EXERCISE MATERIAL START

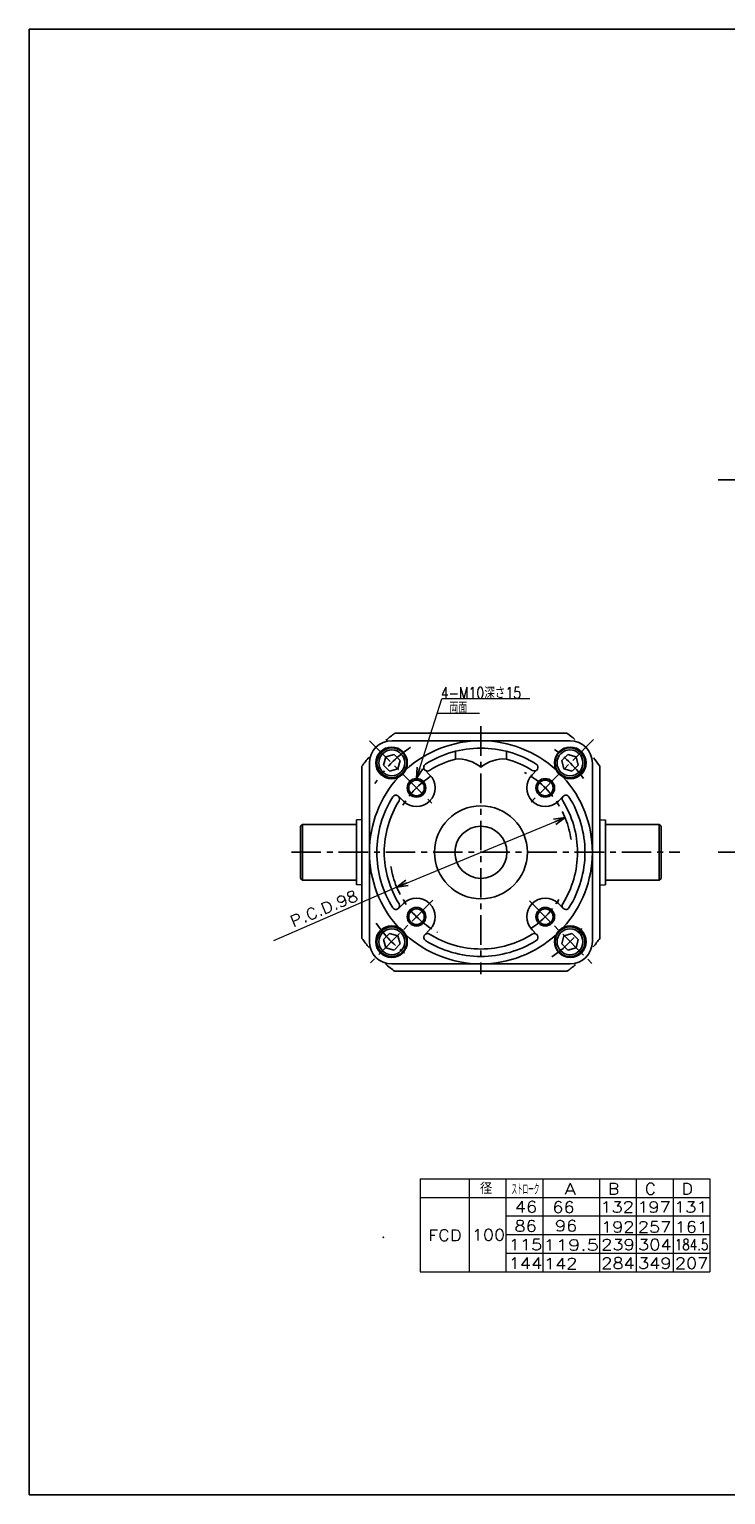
# Model space of a CAD drawing. Header units: millimetres. Extents: x -544 to 574, y -400 to 400.
# Tile 1 of 2: x -544 to -169, y -388 to 400. Entities that reach past the tile are written whole.
import ezdxf
from ezdxf.enums import TextEntityAlignment as Align

# ---------------------------------------------------------------- set-up
doc = ezdxf.new("R2010")
doc.units = ezdxf.units.MM
doc.header["$LTSCALE"] = 0.5
doc.header["$PDSIZE"] = 1
doc.linetypes.add('CENTER', pattern=[50.8, 31.75, -6.35, 6.35, -6.35])
doc.layers.add('ZUWAKU', color=7, linetype='Continuous')
doc.styles.add('FdaStyle0', font='txt.shx', dxfattribs={"width": 0.8, "bigfont": 'bigfont'})

# ---------------------------------------------------------------- blocks, each defined once
blk = doc.blocks.new('_OPEN30')
at = {"color": 0, "linetype": 'ByBlock', "lineweight": -2}
for p, q in [((-1, 0.267949), (0, 0)), ((0, 0), (-1, -0.267949)), ((0, 0), (-1, 0))]:
    blk.add_line(p, q, dxfattribs=at)
blk = doc.blocks.new('DC_GROUP_Φ100_1')
at = {"color": 4, "linetype": 'Continuous', "lineweight": 25}
for p, q in [((-254.24, 10), (-257.51, 6.74)), ((-249.78, 8.81), (-254.24, 10)), ((-248.59, 4.34), (-249.78, 8.81)), ((-257.51, 6.74), (-256.31, 2.27)), ((-256.31, 2.27), (-251.85, 1.08)), ((-251.85, 1.08), (-248.59, 4.34))]:
    blk.add_line(p, q, dxfattribs=at)
for radius in [8, 6.96]:
    blk.add_circle((-253.05, 5.54), radius, dxfattribs=at)
blk = doc.blocks.new('DC_GROUP_Φ100_2')
at = {"color": 4, "linetype": 'Continuous', "lineweight": 25}
for p, q in [((-353.39, 4.34), (-352.2, 8.81)), ((-352.2, 8.81), (-347.74, 10)), ((-347.74, 10), (-344.47, 6.74)), ((-350.13, 1.08), (-353.39, 4.34)), ((-345.67, 2.27), (-350.13, 1.08)), ((-344.47, 6.74), (-345.67, 2.27))]:
    blk.add_line(p, q, dxfattribs=at)
for radius in [8, 6.96]:
    blk.add_circle((-348.93, 5.54), radius, dxfattribs=at)
blk = doc.blocks.new('DC_GROUP_Φ100_3')
at = {"color": 4, "linetype": 'Continuous', "lineweight": 25}
for p, q in [((-350.13, -86.2), (-353.39, -89.47)), ((-345.67, -87.4), (-350.13, -86.2)), ((-353.39, -89.47), (-352.2, -93.93)), ((-352.2, -93.93), (-347.74, -95.13)), ((-347.74, -95.13), (-344.47, -91.86)), ((-344.47, -91.86), (-345.67, -87.4))]:
    blk.add_line(p, q, dxfattribs=at)
for radius in [8, 6.96]:
    blk.add_circle((-348.93, -90.66), radius, dxfattribs=at)
blk = doc.blocks.new('DC_GROUP_Φ100_4')
at = {"color": 4, "linetype": 'Continuous', "lineweight": 25}
for p, q in [((-256.31, -87.4), (-251.85, -86.2)), ((-251.85, -86.2), (-248.59, -89.47)), ((-257.51, -91.86), (-256.31, -87.4)), ((-254.24, -95.13), (-257.51, -91.86)), ((-249.78, -93.93), (-254.24, -95.13)), ((-248.59, -89.47), (-249.78, -93.93))]:
    blk.add_line(p, q, dxfattribs=at)
for radius in [8, 6.96]:
    blk.add_circle((-253.05, -90.66), radius, dxfattribs=at)

msp = doc.modelspace()

# ---------------------------------------------------------------- linework, layer by layer
at = {"color": 4, "linetype": 'CENTER', "lineweight": 25}
for p, q in [((-173.265, 157.677), (193.006, 157.677)), ((-300.99, 25.198), (-300.99, -108.024)), ((-361.017, 17.465), (-326.527, -17.025)), ((-240.32, 18.108), (-274.987, -16.559)), ((-402.949, -42.562), (-193.896, -42.562)), ((-173.265, -42.562), (193.006, -42.562)), ((-326.767, -68.339), (-360.99, -102.562)), ((-274.916, -68.636), (-240.99, -102.562))]:
    msp.add_line(p, q, dxfattribs=at)
at = {"color": 4, "linetype": 'Continuous', "lineweight": 13}
for p, q in [((-335.638, -2.913), (-322.014, 40.011)), ((-322.014, 40.174), (-274.618, 40.174)), ((-324.477, 32.252), (-301.755, 32.252)), ((-364.99, -25.062), (-367.99, -25.062)), ((-346.281, -61.263), (-255.699, -23.86)), ((-236.99, -25.062), (-233.99, -25.062)), ((-346.281, -61.263), (-412.573, -90.098)), ((-364.99, -60.062), (-367.99, -60.062)), ((-236.99, -60.062), (-233.99, -60.062)), ((-333.737, -218.1), (-177.807, -218.1)), ((-333.737, -218.1), (-333.737, -268.1)), ((-307.318, -218.1), (-307.318, -268.1)), ((-287.52, -218.1), (-287.52, -268.1)), ((-267.722, -218.1), (-267.722, -268.1)), ((-237.201, -218.1), (-237.201, -268.1)), ((-217.403, -218.1), (-217.403, -268.1)), ((-197.605, -218.1), (-197.605, -268.1)), ((-177.807, -218.1), (-177.807, -268.1)), ((-333.737, -228.1), (-177.807, -228.1)), ((-287.52, -238.1), (-177.807, -238.1)), ((-287.473, -248.1), (-177.807, -248.1)), ((-287.52, -258.1), (-177.807, -258.1)), ((-333.737, -268.1), (-177.807, -268.1))]:
    msp.add_line(p, q, dxfattribs=at)
at = {"color": 4, "linetype": 'Continuous', "lineweight": 25}
for p, q in [((-348.99, 17.438), (-300.99, 17.438)), ((-254.676, 21.438), (-347.304, 21.438)), ((-300.745, 17.438), (-252.99, 17.438)), ((-314.69, 11.737), (-314.69, 7.601)), ((-287.29, 11.737), (-287.29, 7.601)), ((-364.99, 3.752), (-364.99, -88.876)), ((-360.99, -42.316), (-360.99, 5.438)), ((-331.148, 1.738), (-328.567, -0.842)), ((-270.832, 1.738), (-273.413, -0.842)), ((-240.99, 5.438), (-240.99, -42.562)), ((-236.99, 3.752), (-236.99, -88.876)), ((-345.29, -12.404), (-342.709, -14.984)), ((-256.69, -12.404), (-259.271, -14.984)), ((-397.99, -28.562), (-396.99, -27.562)), ((-397.99, -56.562), (-397.99, -28.562)), ((-368.19, -27.562), (-396.99, -27.562)), ((-396.99, -57.562), (-396.99, -27.562)), ((-367.99, -25.062), (-367.99, -60.062)), ((-233.99, -25.062), (-233.99, -60.062)), ((-233.99, -27.562), (-204.99, -27.562)), ((-203.99, -28.562), (-204.99, -27.562)), ((-204.99, -27.562), (-204.99, -57.562)), ((-203.99, -56.562), (-203.99, -28.562)), ((-360.99, -90.562), (-360.99, -42.562)), ((-240.99, -42.807), (-240.99, -90.562)), ((-397.99, -56.562), (-396.99, -57.562)), ((-368.19, -57.562), (-396.99, -57.562)), ((-233.79, -57.562), (-204.99, -57.562)), ((-203.99, -56.562), (-204.99, -57.562)), ((-345.29, -72.72), (-342.709, -70.139)), ((-256.69, -72.72), (-259.271, -70.139)), ((-331.148, -86.862), (-328.567, -84.281)), ((-270.832, -86.862), (-273.413, -84.281)), ((-301.236, -102.562), (-348.99, -102.562)), ((-254.676, -106.562), (-347.304, -106.562)), ((-252.99, -102.562), (-300.99, -102.562))]:
    msp.add_line(p, q, dxfattribs=at)
for centre, radius in [((-349.073, 5.522), 8.5), ((-252.907, 5.522), 8.5), ((-335.638, -7.913), 5), ((-335.638, -7.913), 4.2), ((-266.342, -7.913), 5), ((-266.342, -7.913), 4.2), ((-300.99, -42.562), 25), ((-300.99, -42.562), 14), ((-335.638, -77.21), 5), ((-335.638, -77.21), 4.2), ((-266.342, -77.21), 5), ((-266.342, -77.21), 4.2), ((-349.073, -90.645), 8.5), ((-252.907, -90.645), 8.5)]:
    msp.add_circle(centre, radius, dxfattribs=at)
for centre, radius, start, end in [((-348.99, 5.438), 12, 90, 180), ((-300.99, -42.562), 79, 125.891699, 130.292872), ((-300.99, -42.562), 60, 90, 132.423346), ((-300.99, -42.562), 60, 47.576654, 89.765627), ((-300.99, -42.562), 79, 50.137734, 54.108301), ((-252.99, 5.438), 12, 0, 90), ((-300.99, -42.562), 79, 139.644997, 144.108301), ((-300.99, -42.562), 56, 90, 122.160412), ((-300.99, -42.562), 56, 57.839588, 90), ((-300.99, -42.562), 79, 35.891699, 39.953126), ((-329.734, 3.153), 2, 122.160412, 302.160412), ((-300.99, -42.562), 52, 105.275557, 122.160412), ((-313.529, -12.365), 20, 51.016046, 93.329528), ((-288.452, -12.365), 20, 86.670472, 128.983954), ((-300.99, -42.562), 52, 57.839588, 74.724443), ((-272.246, 3.153), 2, 237.839588, 57.839588), ((-300.99, -42.562), 60, 137.576654, 179.765627), ((-335.638, -7.913), 10, 225, 45), ((-266.342, -7.913), 10, 135, 315), ((-300.99, -42.562), 60, 0, 42.423346), ((-300.99, -42.562), 56, 147.839588, 180), ((-300.99, -42.562), 52, 147.839588, 180), ((-346.704, -13.818), 2, 327.839588, 147.839588), ((-255.276, -13.818), 2, 32.160412, 212.160412), ((-300.99, -42.562), 52, 0, 32.160412), ((-300.99, -42.562), 56, 0, 32.160412), ((-368.19, -27.362), 0.2, 270, 0), ((-300.99, -42.562), 60, 180, 222.423346), ((-300.99, -42.562), 56, 180, 212.160412), ((-300.99, -42.562), 52, 180, 212.160412), ((-300.99, -42.562), 52, 327.839588, 360), ((-300.99, -42.562), 60, 317.576654, 359.765627), ((-300.99, -42.562), 56, 327.839588, 360), ((-368.19, -57.762), 0.2, 0, 90), ((-368.19, -57.762), 0.2, 0, 90), ((-233.79, -57.762), 0.2, 90, 180), ((-346.704, -71.305), 2, 212.160412, 32.160412), ((-335.638, -77.21), 10, 315, 135), ((-266.342, -77.21), 10, 45, 225), ((-255.276, -71.305), 2, 147.839588, 327.839588), ((-329.734, -88.276), 2, 57.839588, 237.839588), ((-300.99, -42.562), 52, 237.839588, 270), ((-300.99, -42.562), 52, 270, 302.160412), ((-272.246, -88.276), 2, 302.160412, 122.160412), ((-300.99, -42.562), 79, 215.891699, 220.423966), ((-348.99, -90.562), 12, 180, 270), ((-300.99, -42.562), 60, 227.576654, 269.765627), ((-300.99, -42.562), 56, 237.839588, 270), ((-300.99, -42.562), 60, 270, 312.423346), ((-300.99, -42.562), 56, 270, 302.160412), ((-252.99, -90.562), 12, 270, 360), ((-300.99, -42.562), 79, 319.980561, 324.108301), ((-300.99, -42.562), 79, 229.395179, 234.108301), ((-300.99, -42.562), 79, 305.891699, 310.104367)]:
    msp.add_arc(centre, radius, start, end, dxfattribs=at)
at = {"color": 4, "linetype": 'CENTER', "lineweight": 25}
for radius, start, end in [(68, 123.762253, 147.017956), (68, 35.630923, 56.425835), (49, 8.03722, 61.351056), (49, 123.286596, 148.90521), (49, 189.014203, 241.540947), (49, 303.286596, 328.747672), (68, 214.111929, 233.857322), (68, 304.168926, 324.625684)]:
    msp.add_arc((-300.99, -42.562), radius, start, end, dxfattribs=at)
at = {"color": 5, "linetype": 'Continuous'}
msp.add_point((-353.501, -249.624), dxfattribs=at)
at = {"layer": 'ZUWAKU', "color": 5, "linetype": 'Continuous', "lineweight": 25}
for p, q in [((562, 400), (-544, 400)), ((-544, -388), (-544, 400)), ((574, -388), (-544, -388))]:
    msp.add_line(p, q, dxfattribs=at)

# ---------------------------------------------------------------- block references
at = {"linetype": 'Continuous'}
for name in ['DC_GROUP_Φ100_2', 'DC_GROUP_Φ100_1', 'DC_GROUP_Φ100_3', 'DC_GROUP_Φ100_4']:
    msp.add_blockref(name, (0, 0), dxfattribs=at)
at = {"color": 4, "xscale": 6.000005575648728, "yscale": 5.999978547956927}
for p, rotation in [((-335.638, -2.913), 252.3904881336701), ((-255.699, -23.86), 22.43640908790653), ((-346.281, -61.263), 202.4364090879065)]:
    msp.add_blockref('_OPEN30', p, dxfattribs=dict(at, rotation=rotation))

# ---------------------------------------------------------------- texts
at = {"color": 4, "style": 'FdaStyle0'}
for s, width, p, p2 in [('4-M10深さ15', 0.765957, (-322.528, 40.174), (-279.328, 40.174)), ('両面', 0.666667, (-317.916, 32.252), (-308.316, 32.252)), ('   径', 0.952381, (-318.891, -226.265), (-294.891, -226.265)), ('ストローク', 0.416667, (-284.521, -226.768), (-269.521, -226.768)), ('184.5', 0.6, (-196.599, -256.521), (-178.599, -256.521))]:
    msp.add_text(s, height=6, dxfattribs=dict(at, width=width)).set_placement(p, p2, align=Align.FIT)
at = {"color": 4, "style": 'FdaStyle0', "width": 0.8}
msp.add_text('P.C.D.98', height=6, rotation=22.436409, dxfattribs=at).set_placement((-402.009, -82.882), (-366.516, -68.226), align=Align.FIT)
at = {"color": 4, "style": 'FdaStyle0'}
for s, p, p2 in [('A', (-256.01, -226.521), (-250.01, -226.521)), ('B', (-232.546, -226.521), (-226.546, -226.521)), ('C', (-212.749, -226.521), (-206.749, -226.521)), ('D', (-192.951, -226.521), (-186.951, -226.521)), ('46', (-282.662, -236.173), (-270.662, -236.173)), ('66', (-262.553, -236.4), (-250.553, -236.4)), ('132', (-236.65, -236.308), (-218.65, -236.308)), ('197', (-216.852, -236.308), (-198.852, -236.308)), ('131', (-197.054, -236.308), (-179.054, -236.308)), ('86', (-282.919, -246.521), (-270.919, -246.521)), ('96', (-261.122, -246.376), (-249.122, -246.376)), ('192', (-236.319, -247.055), (-218.319, -247.055)), ('257', (-216.521, -247.055), (-198.521, -247.055)), ('161', (-196.723, -247.055), (-178.723, -247.055)), ('FCD', (-329.373, -251.521), (-311.373, -251.521)), ('100', (-305.914, -251.268), (-287.914, -251.268)), ('115', (-285.973, -256.521), (-267.973, -256.521)), ('119.5', (-267.475, -256.722), (-237.475, -256.722)), ('239', (-236.195, -256.521), (-218.195, -256.521)), ('304', (-216.397, -256.521), (-198.397, -256.521)), ('144', (-285.973, -266.521), (-267.973, -266.521)), ('142', (-267.059, -266.722), (-249.059, -266.722)), ('284', (-236.195, -266.521), (-218.195, -266.521)), ('349', (-216.397, -266.521), (-198.397, -266.521)), ('207', (-196.599, -266.521), (-178.599, -266.521))]:
    msp.add_text(s, height=6, dxfattribs=at).set_placement(p, p2, align=Align.FIT)

doc.saveas('drawing.dxf')

EXERCISE MATERIAL END

PROBLEM DESCRIPTION
If a line of the records above holds the word "height", show it.

EXPECTED ANSWER
    msp.add_text(s, height=6, dxfattribs=dict(at, width=width)).set_placement(p, p2, align=Align.FIT)
msp.add_text('P.C.D.98', height=6, rotation=22.436409, dxfattribs=at).set_placement((-402.009, -82.882), (-366.516, -68.226), align=Align.FIT)
    msp.add_text(s, height=6, dxfattribs=at).set_placement(p, p2, align=Align.FIT)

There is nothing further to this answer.